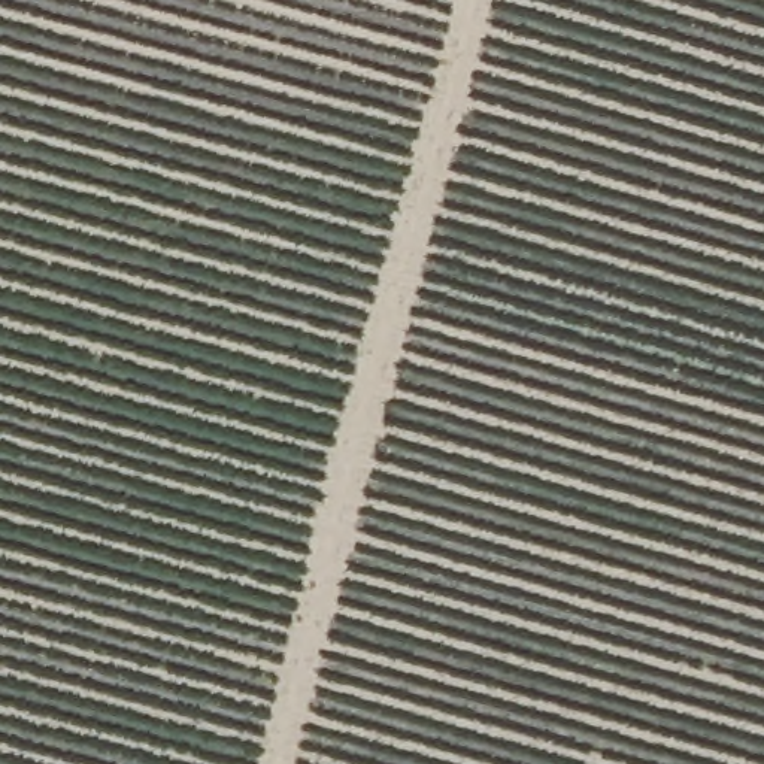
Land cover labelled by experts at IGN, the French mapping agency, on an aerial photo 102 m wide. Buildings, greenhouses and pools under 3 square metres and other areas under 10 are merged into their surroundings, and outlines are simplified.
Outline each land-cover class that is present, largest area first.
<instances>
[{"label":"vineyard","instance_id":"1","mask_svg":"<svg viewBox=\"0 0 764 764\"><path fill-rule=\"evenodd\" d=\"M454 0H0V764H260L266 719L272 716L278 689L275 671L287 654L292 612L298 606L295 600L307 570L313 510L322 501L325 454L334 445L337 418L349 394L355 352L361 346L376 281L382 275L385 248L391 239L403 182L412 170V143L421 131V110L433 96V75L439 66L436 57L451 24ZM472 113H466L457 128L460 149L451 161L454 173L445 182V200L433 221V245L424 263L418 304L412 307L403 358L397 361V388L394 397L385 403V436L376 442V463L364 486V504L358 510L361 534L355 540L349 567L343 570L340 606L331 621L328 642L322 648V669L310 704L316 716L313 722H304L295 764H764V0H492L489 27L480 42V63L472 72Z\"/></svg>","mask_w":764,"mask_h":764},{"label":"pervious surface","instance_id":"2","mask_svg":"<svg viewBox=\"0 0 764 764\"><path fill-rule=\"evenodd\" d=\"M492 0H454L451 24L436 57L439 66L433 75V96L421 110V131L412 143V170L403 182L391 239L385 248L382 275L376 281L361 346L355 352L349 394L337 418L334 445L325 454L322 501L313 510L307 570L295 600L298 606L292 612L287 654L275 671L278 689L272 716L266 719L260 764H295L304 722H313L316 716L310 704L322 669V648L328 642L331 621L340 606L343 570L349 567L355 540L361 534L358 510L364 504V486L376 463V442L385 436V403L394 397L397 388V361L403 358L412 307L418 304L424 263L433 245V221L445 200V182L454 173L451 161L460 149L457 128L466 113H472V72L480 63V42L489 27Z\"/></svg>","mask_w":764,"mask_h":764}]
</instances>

* * *

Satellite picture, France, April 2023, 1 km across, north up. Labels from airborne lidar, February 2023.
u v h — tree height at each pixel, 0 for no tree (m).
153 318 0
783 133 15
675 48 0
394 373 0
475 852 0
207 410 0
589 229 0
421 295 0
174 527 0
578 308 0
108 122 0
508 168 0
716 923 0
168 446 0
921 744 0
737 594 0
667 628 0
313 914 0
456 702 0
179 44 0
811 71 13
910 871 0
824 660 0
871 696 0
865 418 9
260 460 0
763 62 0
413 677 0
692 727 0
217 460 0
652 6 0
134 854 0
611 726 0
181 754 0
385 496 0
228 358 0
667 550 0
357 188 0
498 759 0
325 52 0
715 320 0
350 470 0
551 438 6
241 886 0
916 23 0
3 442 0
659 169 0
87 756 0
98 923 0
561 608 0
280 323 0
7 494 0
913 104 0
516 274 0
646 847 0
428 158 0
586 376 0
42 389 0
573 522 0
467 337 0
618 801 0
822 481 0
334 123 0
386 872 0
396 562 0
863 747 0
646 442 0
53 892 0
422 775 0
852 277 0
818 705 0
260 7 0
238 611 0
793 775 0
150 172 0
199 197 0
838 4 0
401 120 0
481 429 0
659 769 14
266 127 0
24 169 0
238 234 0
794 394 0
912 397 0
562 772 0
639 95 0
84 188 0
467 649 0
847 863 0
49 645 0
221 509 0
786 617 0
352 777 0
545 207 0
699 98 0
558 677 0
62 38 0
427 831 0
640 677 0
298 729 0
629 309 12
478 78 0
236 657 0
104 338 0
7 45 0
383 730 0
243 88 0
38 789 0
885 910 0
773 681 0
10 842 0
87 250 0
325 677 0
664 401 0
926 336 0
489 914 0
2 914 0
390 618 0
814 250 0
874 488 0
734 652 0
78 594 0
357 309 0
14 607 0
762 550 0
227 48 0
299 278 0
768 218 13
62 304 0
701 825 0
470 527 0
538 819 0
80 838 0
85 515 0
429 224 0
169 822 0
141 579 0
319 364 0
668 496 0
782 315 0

* * *

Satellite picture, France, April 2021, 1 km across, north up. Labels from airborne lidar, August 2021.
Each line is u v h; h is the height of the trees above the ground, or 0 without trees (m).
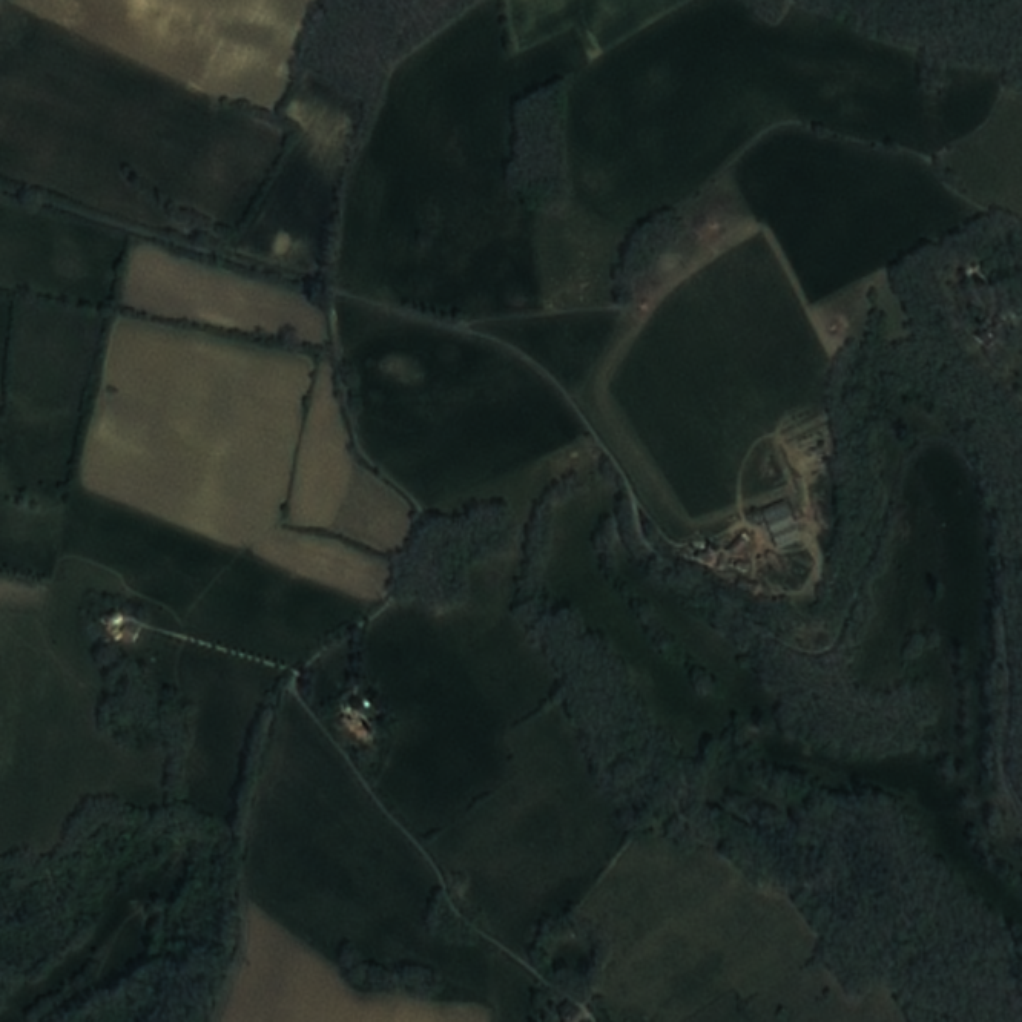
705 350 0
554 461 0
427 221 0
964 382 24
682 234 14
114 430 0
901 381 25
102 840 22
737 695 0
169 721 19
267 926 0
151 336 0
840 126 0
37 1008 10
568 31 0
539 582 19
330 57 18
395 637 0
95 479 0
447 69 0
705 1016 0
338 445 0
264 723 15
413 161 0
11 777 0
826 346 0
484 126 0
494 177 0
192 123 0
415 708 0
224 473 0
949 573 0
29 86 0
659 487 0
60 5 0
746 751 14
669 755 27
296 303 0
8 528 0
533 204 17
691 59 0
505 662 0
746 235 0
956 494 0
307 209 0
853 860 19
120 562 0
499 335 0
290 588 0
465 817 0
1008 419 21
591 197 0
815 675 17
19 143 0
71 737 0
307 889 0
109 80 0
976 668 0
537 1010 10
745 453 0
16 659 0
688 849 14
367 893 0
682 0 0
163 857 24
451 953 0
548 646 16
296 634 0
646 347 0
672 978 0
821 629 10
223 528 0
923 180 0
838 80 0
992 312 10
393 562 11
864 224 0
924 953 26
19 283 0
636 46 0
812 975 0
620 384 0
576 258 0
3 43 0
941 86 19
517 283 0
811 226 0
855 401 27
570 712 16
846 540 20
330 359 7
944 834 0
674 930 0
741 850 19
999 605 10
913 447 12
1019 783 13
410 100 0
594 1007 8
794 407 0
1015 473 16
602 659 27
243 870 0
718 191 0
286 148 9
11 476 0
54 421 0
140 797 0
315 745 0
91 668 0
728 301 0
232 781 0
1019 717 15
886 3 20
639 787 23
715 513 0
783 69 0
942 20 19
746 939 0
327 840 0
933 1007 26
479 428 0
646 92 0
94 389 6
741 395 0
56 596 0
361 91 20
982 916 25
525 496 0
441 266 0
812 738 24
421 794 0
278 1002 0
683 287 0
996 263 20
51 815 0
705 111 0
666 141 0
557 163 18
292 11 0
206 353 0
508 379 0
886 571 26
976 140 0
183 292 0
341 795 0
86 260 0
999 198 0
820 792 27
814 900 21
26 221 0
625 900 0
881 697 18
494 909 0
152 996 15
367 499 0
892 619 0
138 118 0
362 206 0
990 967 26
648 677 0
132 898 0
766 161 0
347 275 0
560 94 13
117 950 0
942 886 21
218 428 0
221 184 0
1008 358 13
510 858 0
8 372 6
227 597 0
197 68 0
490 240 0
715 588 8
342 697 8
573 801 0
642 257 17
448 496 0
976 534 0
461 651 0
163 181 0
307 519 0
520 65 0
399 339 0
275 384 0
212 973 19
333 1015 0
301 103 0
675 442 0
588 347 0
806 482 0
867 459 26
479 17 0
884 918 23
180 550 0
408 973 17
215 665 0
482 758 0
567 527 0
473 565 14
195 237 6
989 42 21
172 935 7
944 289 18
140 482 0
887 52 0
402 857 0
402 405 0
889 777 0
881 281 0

** Action item **
For the listing above, state how many lines contain the word "France", with no other words.

** Solution to the problem **
2